Когда в 1936 году Айрин написала, что Рейнольд приезжает на три месяца в Америку, в престижную командировку от газеты (добавив, что он не сможет взять с собой мальчиков -- пусть спокойно продолжают учебу), Пегги сменила интерьер в комнате для гостей в своем доме -- наклеила новые обои, с крупными, в полном цвету, розами, и постелила новый ковер, с голубым ворсом. Научила Бада говорить по-немецки: "Доброе утро, тетя Айрин и дядя Рейнольд", и еще одну фразу: "Как поживают там мои тетушки? Надеюсь, что хорошо". Баду уже исполнилось двенадцать, и он страшно гордился своими лингвистическими успехами и даже самостоятельно научился произносить по-немецки "до свиданья" и "моему папе очень нравится мюнхенское пиво".

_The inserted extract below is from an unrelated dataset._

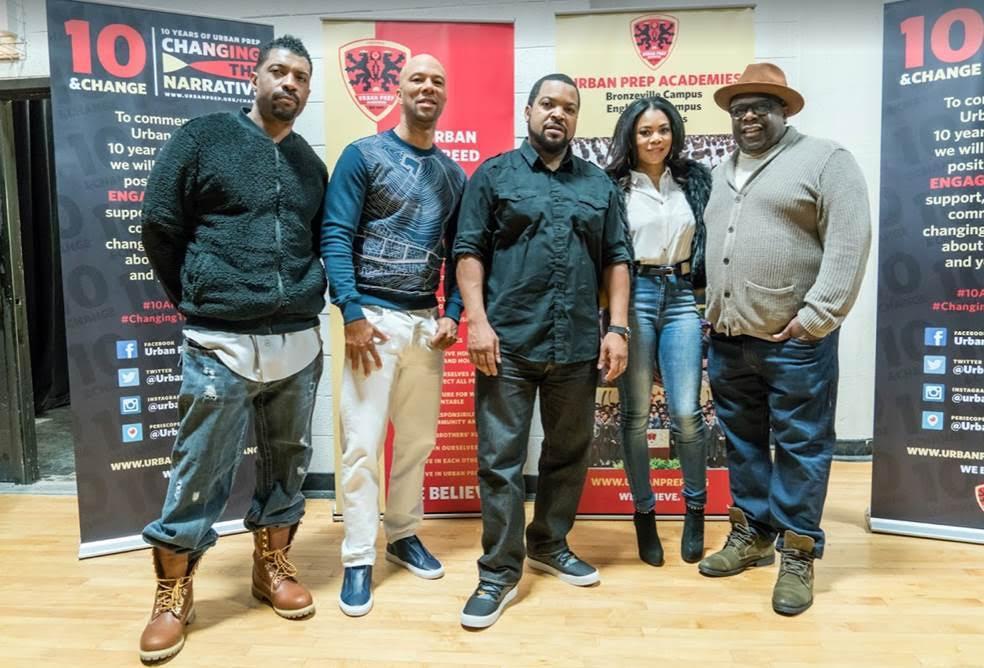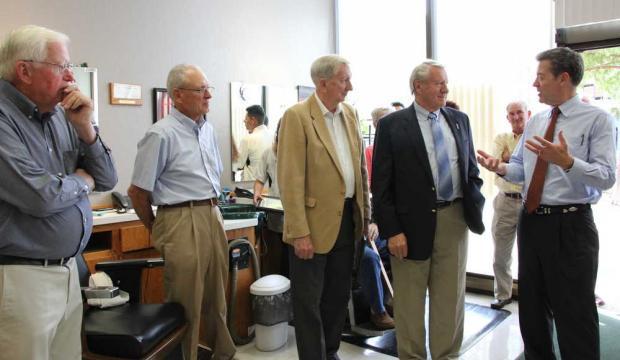The first image is the image on the left, the second image is the image on the right. Assess this claim about the two images: "In one of the images, a man stands alone with no one else present.". Correct or not? Answer yes or no. No.

Эмили даже сейчас, в этом промозглом тумане, улыбнулась, вспоминая смешного Бада, в потертом старом свитере и грубых, белых, длинных парусиновых брюках,-- как он стоял, широко улыбаясь, посередине комнаты и медленно, отчетливо произносил по-немецки фразу о том, как его папе нравится мюнхенское пиво.

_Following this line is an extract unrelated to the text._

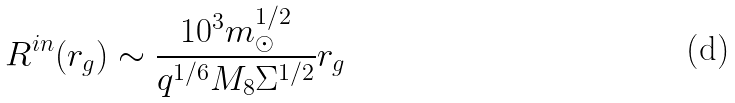<formula> <loc_0><loc_0><loc_500><loc_500>R ^ { i n } ( r _ { g } ) \sim \frac { 1 0 ^ { 3 } m _ { \odot } ^ { 1 / 2 } } { q ^ { 1 / 6 } M _ { 8 } \Sigma ^ { 1 / 2 } } r _ { g }</formula>

А вот тот день, когда они приехали, вспоминала с трудом. Тридцать шестой год давно миновал, и сколько с тех пор произошло разных событий! Очень красивый немецкий белый пароход,-- кажется, он назывался "Европа", с высокой, парящей в воздухе палубой, нависавшей будто прямо над улицей,-остановился у пристани Нозерн-ривер. Играл оркестр,-- интересно, что он играл тогда, в тридцать шестом? Какую-то немецкую песню, но она ее не запомнила, хотя потом ей не раз приходилось слышать бравурные немецкие песни в "Новостях дня", рассказывающих о шумных парадах германской армии. Порывы ледяного ветра доносились до них с забитой ледяными глыбами реки. Бад, в только что купленном для него новом голубом пальто, правда, уже коротком ему в рукавах, пораженный величавым пароходом, шаркал ногами по пристани. Лоуренс держал Пегги за руку, улыбался им в ответ, его бледность говорила о том, что у него пошаливает здоровье. Пегги, с серьезным лицом, с сияющими глазами, пристально вглядывалась в трап, пытаясь поскорее узнать сестру. Вот идет высокая, эффектная дама, в меховом манто, с ярким, красивым, знакомым лицом... Эмили тогда подумала: "Эта женщина, должно быть, очень богата..." Потом до нее вдруг дошло: "Да это же моя дочь, Айрин!" Но все еще не уверенная в своей правоте, машинально стала рыться в сумочке, отыскивая очки. Рядом с красавицей шел низенький, плотный, начинающий заметно толстеть мужчина; когда он снял свою шляпу, Эмили поняла -- да ведь это Рейнольд, только уже сильно облысевший...
В памяти ее словно открылись шлюзы, хотя она уже достигла семидесятилетнего рубежа... При встрече, конечно, много суеты, волнений, все по очереди целовались, все говорили одновременно, перебивая друг друга, громко смеясь.